_Exercise prompt_
Copy out each line of the data below in which "degrees" appears.

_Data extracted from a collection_

•••••

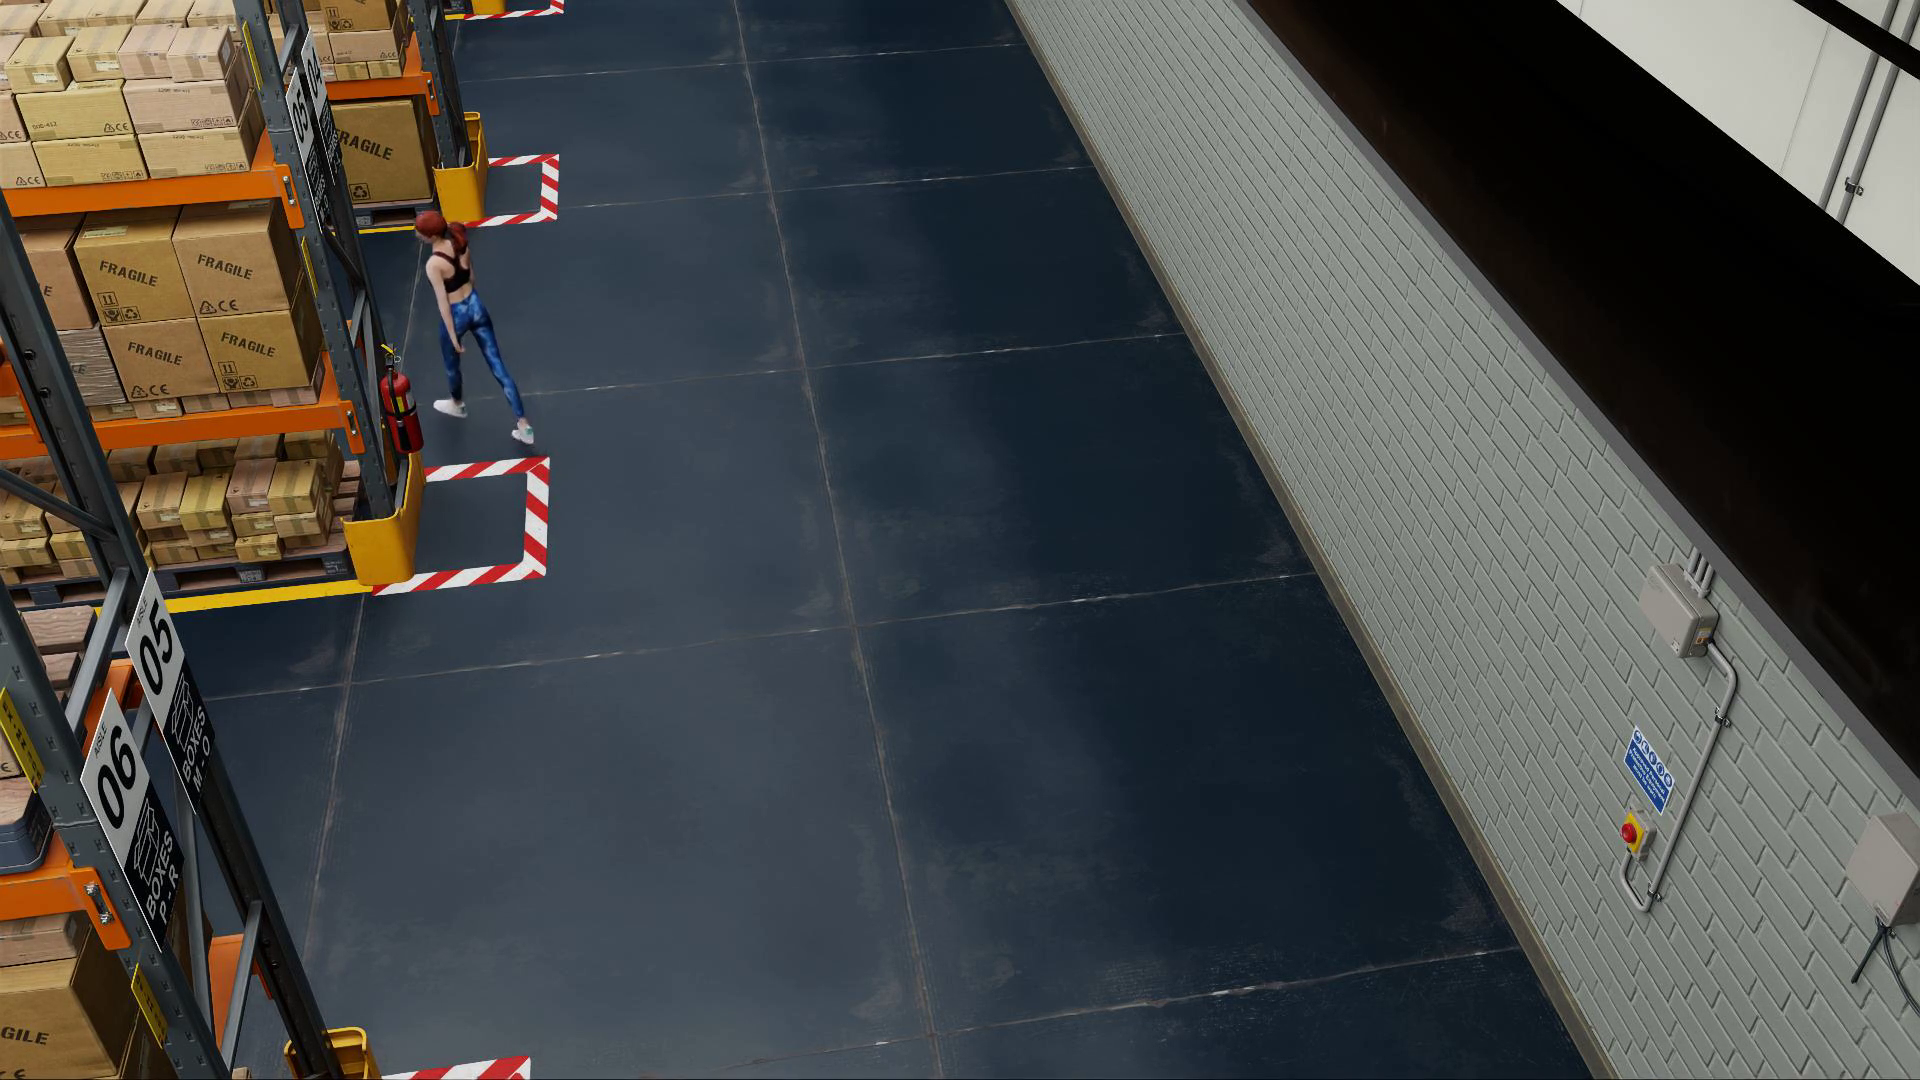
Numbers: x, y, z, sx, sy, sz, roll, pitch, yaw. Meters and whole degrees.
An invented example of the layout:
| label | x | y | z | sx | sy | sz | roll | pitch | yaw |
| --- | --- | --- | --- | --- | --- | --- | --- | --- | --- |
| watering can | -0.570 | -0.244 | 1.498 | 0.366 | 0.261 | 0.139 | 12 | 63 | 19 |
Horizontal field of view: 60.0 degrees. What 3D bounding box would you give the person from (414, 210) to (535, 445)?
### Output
| label | x | y | z | sx | sy | sz | roll | pitch | yaw |
| --- | --- | --- | --- | --- | --- | --- | --- | --- | --- |
| person | -3.272 | -1.402 | 11.263 | 1.193 | 1.730 | 1.150 | 24 | 44 | 28 |

•••••

_Solution to this problem_
Numbers: x, y, z, sx, sy, sz, roll, pitch, yaw. Meters and whole degrees.
Horizontal field of view: 60.0 degrees. What 3D bounding box would you give the person from (414, 210) to (535, 445)?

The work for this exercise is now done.